Work to complete
Scan the entries below and return each line that contains "highly".

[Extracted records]

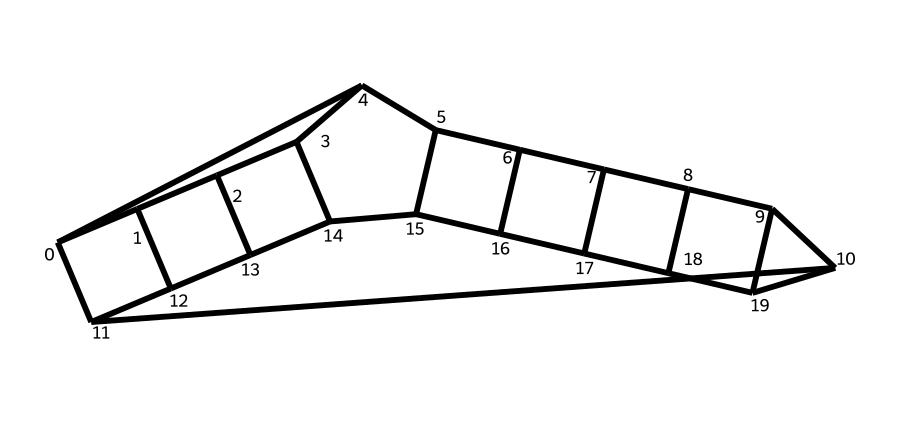How many carbon atoms are in dodecahedrane? The SMILES representation indicates that the structure contains 20 carbon atoms, as counted from the symbols representing carbon (C) throughout the notation.
Answer: 20 What is the molecular formula of dodecahedrane? Based on the number of carbon atoms (20) and the typical saturation for this type of compound, its molecular formula is C20H40. This is determined from the presence of carbon atoms and expectations around hydrogen saturation.
Answer: C20H40 How many hydrogen atoms are in dodecahedrane? Given the molecular formula C20H40, the number of hydrogen atoms can be identified as 40 directly from the formula, as it explicitly states the amount of hydrogen present.
Answer: 40 What type of structure does dodecahedrane possess? Dodecahedrane is classified as a cage compound due to its highly symmetrical arrangement of carbon atoms forming a closed framework. This is inferred from the way the carbon atoms are connected in a symmetrical pattern.
Answer: cage compound What is the symmetry of dodecahedrane? The structure is associated with icosahedral symmetry, which is a specific type of spherical symmetry characteristic of highly symmetrical cage compounds like dodecahedrane. The arrangement of carbon atoms reflects this symmetry.
Answer: icosahedral How does the cage structure of dodecahedrane affect its properties? The cage structure impacts the chemical properties such as stability and reactivity by providing a unique spatial arrangement of atoms, leading to distinct physical and chemical behaviors compared to linear or branched structures. This is deduced from general knowledge about cage compounds.
Answer: unique properties 
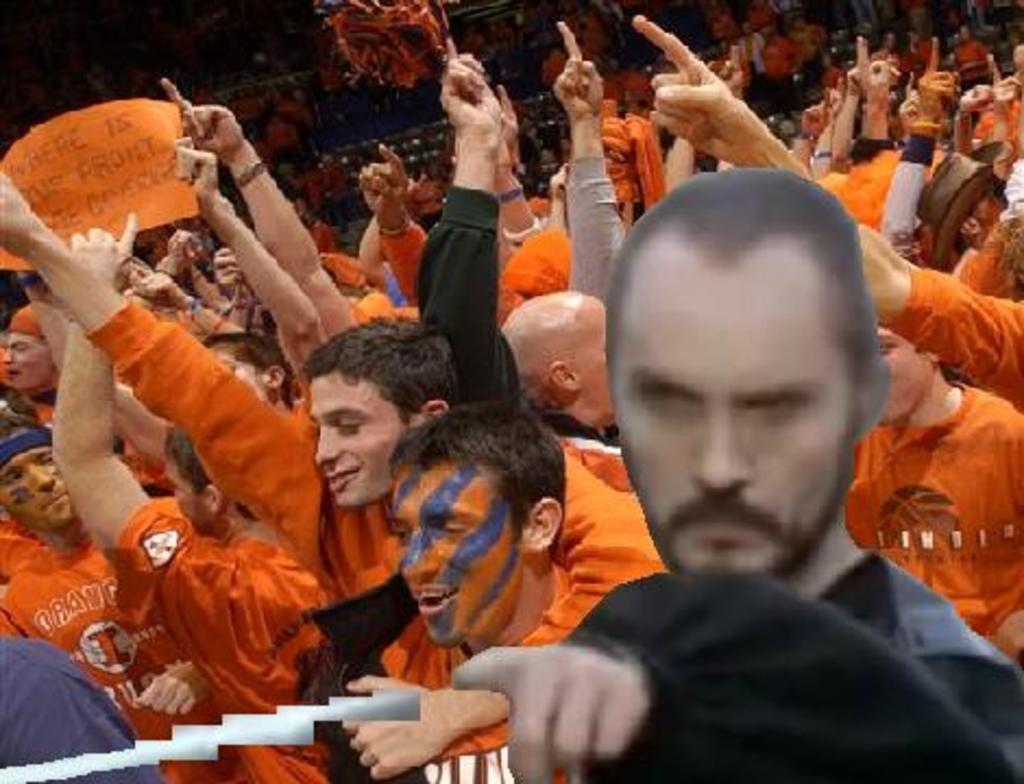Could you give a brief overview of what you see in this image? In this image, there are group of people wearing clothes and raising hands. There is a person on the left side of the image holding paper with his hands.

Output of the exercise
Answer: 40 What type of structure does dodecahedrane possess? Dodecahedrane is classified as a cage compound due to its highly symmetrical arrangement of carbon atoms forming a closed framework. This is inferred from the way the carbon atoms are connected in a symmetrical pattern.
Answer: cage compound What is the symmetry of dodecahedrane? The structure is associated with icosahedral symmetry, which is a specific type of spherical symmetry characteristic of highly symmetrical cage compounds like dodecahedrane. The arrangement of carbon atoms reflects this symmetry.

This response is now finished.